*Task prompt*:
Could the records below be restated word for word, without a single picture?
☆ ☆ ☆ ☆ ☆ ☆ ☆
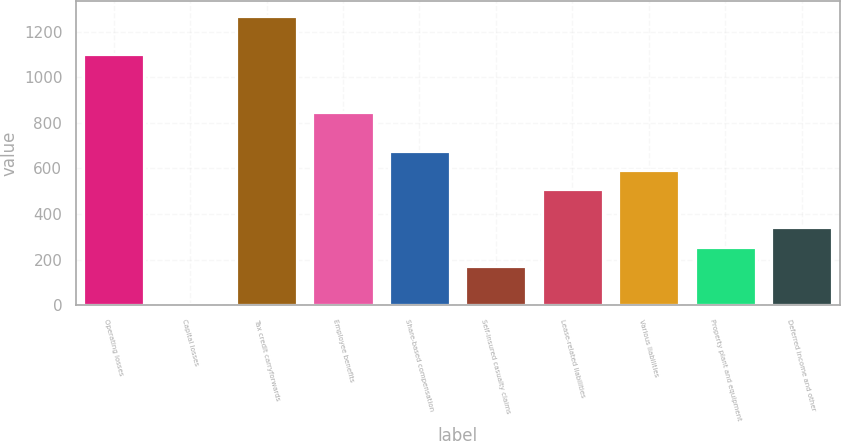Convert chart to OTSL. <chart><loc_0><loc_0><loc_500><loc_500><bar_chart><fcel>Operating losses<fcel>Capital losses<fcel>Tax credit carryforwards<fcel>Employee benefits<fcel>Share-based compensation<fcel>Self-insured casualty claims<fcel>Lease-related liabilities<fcel>Various liabilities<fcel>Property plant and equipment<fcel>Deferred income and other<nl><fcel>1099.9<fcel>4<fcel>1268.5<fcel>847<fcel>678.4<fcel>172.6<fcel>509.8<fcel>594.1<fcel>256.9<fcel>341.2<nl></chart> 
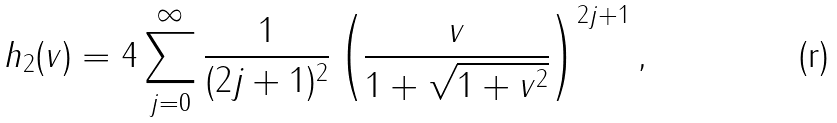Convert formula to latex. <formula><loc_0><loc_0><loc_500><loc_500>h _ { 2 } ( v ) = 4 \sum _ { j = 0 } ^ { \infty } \frac { 1 } { ( 2 j + 1 ) ^ { 2 } } \left ( \frac { v } { 1 + \sqrt { 1 + v ^ { 2 } } } \right ) ^ { 2 j + 1 } ,</formula> 
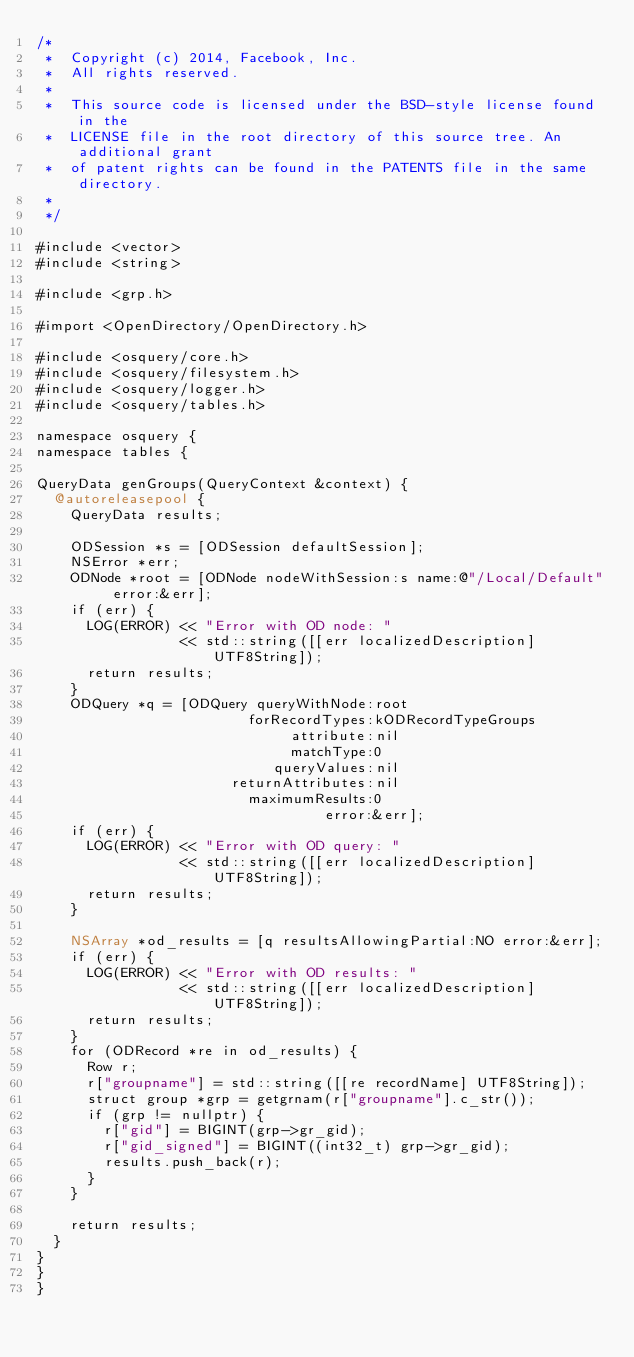Convert code to text. <code><loc_0><loc_0><loc_500><loc_500><_ObjectiveC_>/*
 *  Copyright (c) 2014, Facebook, Inc.
 *  All rights reserved.
 *
 *  This source code is licensed under the BSD-style license found in the
 *  LICENSE file in the root directory of this source tree. An additional grant 
 *  of patent rights can be found in the PATENTS file in the same directory.
 *
 */

#include <vector>
#include <string>

#include <grp.h>

#import <OpenDirectory/OpenDirectory.h>

#include <osquery/core.h>
#include <osquery/filesystem.h>
#include <osquery/logger.h>
#include <osquery/tables.h>

namespace osquery {
namespace tables {

QueryData genGroups(QueryContext &context) {
  @autoreleasepool {
    QueryData results;

    ODSession *s = [ODSession defaultSession];
    NSError *err;
    ODNode *root = [ODNode nodeWithSession:s name:@"/Local/Default" error:&err];
    if (err) {
      LOG(ERROR) << "Error with OD node: "
                 << std::string([[err localizedDescription] UTF8String]);
      return results;
    }
    ODQuery *q = [ODQuery queryWithNode:root
                         forRecordTypes:kODRecordTypeGroups
                              attribute:nil
                              matchType:0
                            queryValues:nil
                       returnAttributes:nil
                         maximumResults:0
                                  error:&err];
    if (err) {
      LOG(ERROR) << "Error with OD query: "
                 << std::string([[err localizedDescription] UTF8String]);
      return results;
    }

    NSArray *od_results = [q resultsAllowingPartial:NO error:&err];
    if (err) {
      LOG(ERROR) << "Error with OD results: "
                 << std::string([[err localizedDescription] UTF8String]);
      return results;
    }
    for (ODRecord *re in od_results) {
      Row r;
      r["groupname"] = std::string([[re recordName] UTF8String]);
      struct group *grp = getgrnam(r["groupname"].c_str());
      if (grp != nullptr) {
        r["gid"] = BIGINT(grp->gr_gid);
        r["gid_signed"] = BIGINT((int32_t) grp->gr_gid);
        results.push_back(r);
      }
    }

    return results;
  }
}
}
}
</code> 
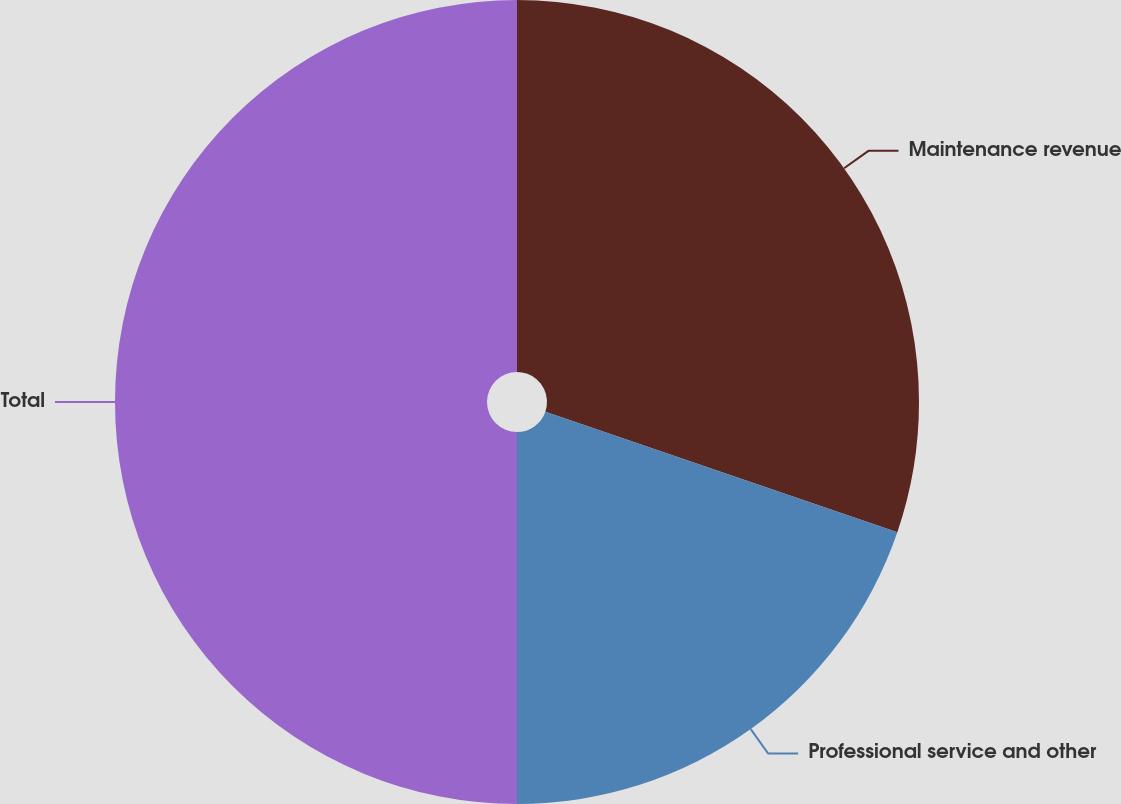Convert chart. <chart><loc_0><loc_0><loc_500><loc_500><pie_chart><fcel>Maintenance revenue<fcel>Professional service and other<fcel>Total<nl><fcel>30.25%<fcel>19.75%<fcel>50.0%<nl></chart> 
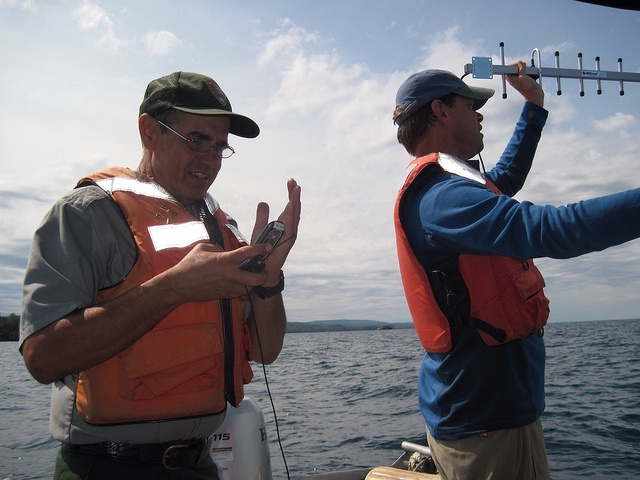Describe the objects in this image and their specific colors. I can see people in lightgray, black, maroon, gray, and white tones, people in lightgray, black, maroon, blue, and navy tones, and cell phone in lightgray, black, and gray tones in this image. 
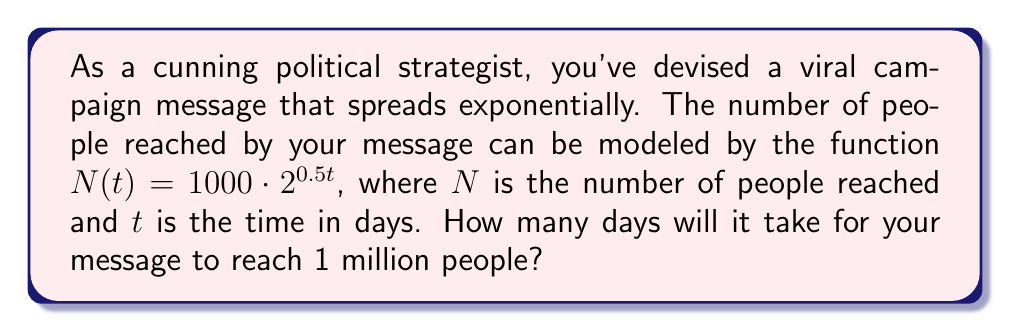Could you help me with this problem? To solve this problem, we need to use logarithms. Let's approach this step-by-step:

1) We want to find $t$ when $N(t) = 1,000,000$. So, we set up the equation:

   $1,000,000 = 1000 \cdot 2^{0.5t}$

2) First, let's divide both sides by 1000:

   $1,000 = 2^{0.5t}$

3) Now, we can take the logarithm (base 2) of both sides:

   $\log_2(1,000) = \log_2(2^{0.5t})$

4) Using the logarithm property $\log_a(a^x) = x$, we can simplify the right side:

   $\log_2(1,000) = 0.5t$

5) Now, let's solve for $t$:

   $t = \frac{\log_2(1,000)}{0.5}$

6) We can calculate this:
   
   $\log_2(1,000) \approx 9.97$
   
   $t = \frac{9.97}{0.5} \approx 19.93$

7) Since we're dealing with days, we need to round up to the nearest whole number.
Answer: It will take 20 days for the campaign message to reach 1 million people. 
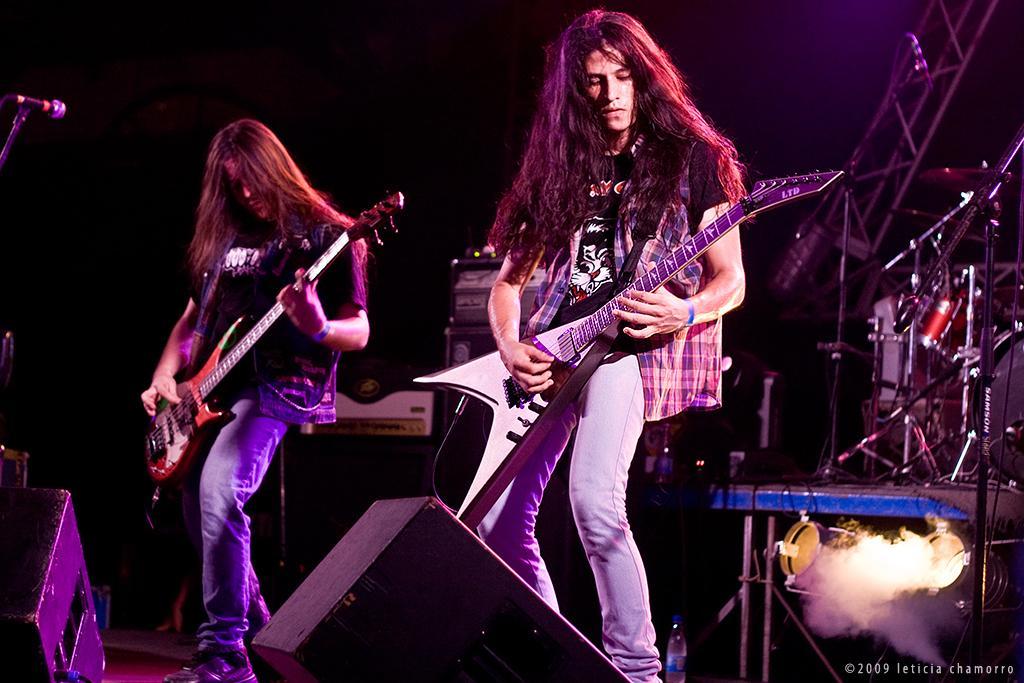Please provide a concise description of this image. This image consists of two persons playing guitars. It looks like a concert. At the bottom, there are speakers. To the right, there are stands. To the left, there is a mic. The background is dark.
☆ ☆ ☆ ☆ ☆ ☆ ☆
*Written response*:
Convert chart to OTSL. <chart><loc_0><loc_0><loc_500><loc_500><bar_chart><fcel>Operating losses<fcel>Capital losses<fcel>Tax credit carryforwards<fcel>Employee benefits<fcel>Share-based compensation<fcel>Self-insured casualty claims<fcel>Lease-related liabilities<fcel>Various liabilities<fcel>Property plant and equipment<fcel>Deferred income and other<nl><fcel>1099.9<fcel>4<fcel>1268.5<fcel>847<fcel>678.4<fcel>172.6<fcel>509.8<fcel>594.1<fcel>256.9<fcel>341.2<nl></chart> 
Convert formula to latex. <formula><loc_0><loc_0><loc_500><loc_500>h _ { 2 } ( v ) = 4 \sum _ { j = 0 } ^ { \infty } \frac { 1 } { ( 2 j + 1 ) ^ { 2 } } \left ( \frac { v } { 1 + \sqrt { 1 + v ^ { 2 } } } \right ) ^ { 2 j + 1 } ,</formula> 
Convert code to text. <code><loc_0><loc_0><loc_500><loc_500><_ObjectiveC_>/*
 *  Copyright (c) 2014, Facebook, Inc.
 *  All rights reserved.
 *
 *  This source code is licensed under the BSD-style license found in the
 *  LICENSE file in the root directory of this source tree. An additional grant 
 *  of patent rights can be found in the PATENTS file in the same directory.
 *
 */

#include <vector>
#include <string>

#include <grp.h>

#import <OpenDirectory/OpenDirectory.h>

#include <osquery/core.h>
#include <osquery/filesystem.h>
#include <osquery/logger.h>
#include <osquery/tables.h>

namespace osquery {
namespace tables {

QueryData genGroups(QueryContext &context) {
  @autoreleasepool {
    QueryData results;

    ODSession *s = [ODSession defaultSession];
    NSError *err;
    ODNode *root = [ODNode nodeWithSession:s name:@"/Local/Default" error:&err];
    if (err) {
      LOG(ERROR) << "Error with OD node: "
                 << std::string([[err localizedDescription] UTF8String]);
      return results;
    }
    ODQuery *q = [ODQuery queryWithNode:root
                         forRecordTypes:kODRecordTypeGroups
                              attribute:nil
                              matchType:0
                            queryValues:nil
                       returnAttributes:nil
                         maximumResults:0
                                  error:&err];
    if (err) {
      LOG(ERROR) << "Error with OD query: "
                 << std::string([[err localizedDescription] UTF8String]);
      return results;
    }

    NSArray *od_results = [q resultsAllowingPartial:NO error:&err];
    if (err) {
      LOG(ERROR) << "Error with OD results: "
                 << std::string([[err localizedDescription] UTF8String]);
      return results;
    }
    for (ODRecord *re in od_results) {
      Row r;
      r["groupname"] = std::string([[re recordName] UTF8String]);
      struct group *grp = getgrnam(r["groupname"].c_str());
      if (grp != nullptr) {
        r["gid"] = BIGINT(grp->gr_gid);
        r["gid_signed"] = BIGINT((int32_t) grp->gr_gid);
        results.push_back(r);
      }
    }

    return results;
  }
}
}
}
</code> 
Convert chart. <chart><loc_0><loc_0><loc_500><loc_500><pie_chart><fcel>Maintenance revenue<fcel>Professional service and other<fcel>Total<nl><fcel>30.25%<fcel>19.75%<fcel>50.0%<nl></chart> 
Describe the objects in this image and their specific colors. I can see people in lightgray, black, maroon, gray, and white tones, people in lightgray, black, maroon, blue, and navy tones, and cell phone in lightgray, black, and gray tones in this image. 
Could you help me with this problem? To solve this problem, we need to use logarithms. Let's approach this step-by-step:

1) We want to find $t$ when $N(t) = 1,000,000$. So, we set up the equation:

   $1,000,000 = 1000 \cdot 2^{0.5t}$

2) First, let's divide both sides by 1000:

   $1,000 = 2^{0.5t}$

3) Now, we can take the logarithm (base 2) of both sides:

   $\log_2(1,000) = \log_2(2^{0.5t})$

4) Using the logarithm property $\log_a(a^x) = x$, we can simplify the right side:

   $\log_2(1,000) = 0.5t$

5) Now, let's solve for $t$:

   $t = \frac{\log_2(1,000)}{0.5}$

6) We can calculate this:
   
   $\log_2(1,000) \approx 9.97$
   
   $t = \frac{9.97}{0.5} \approx 19.93$

7) Since we're dealing with days, we need to round up to the nearest whole number.
Answer: It will take 20 days for the campaign message to reach 1 million people. 
Please provide a concise description of this image. This image consists of two persons playing guitars. It looks like a concert. At the bottom, there are speakers. To the right, there are stands. To the left, there is a mic. The background is dark.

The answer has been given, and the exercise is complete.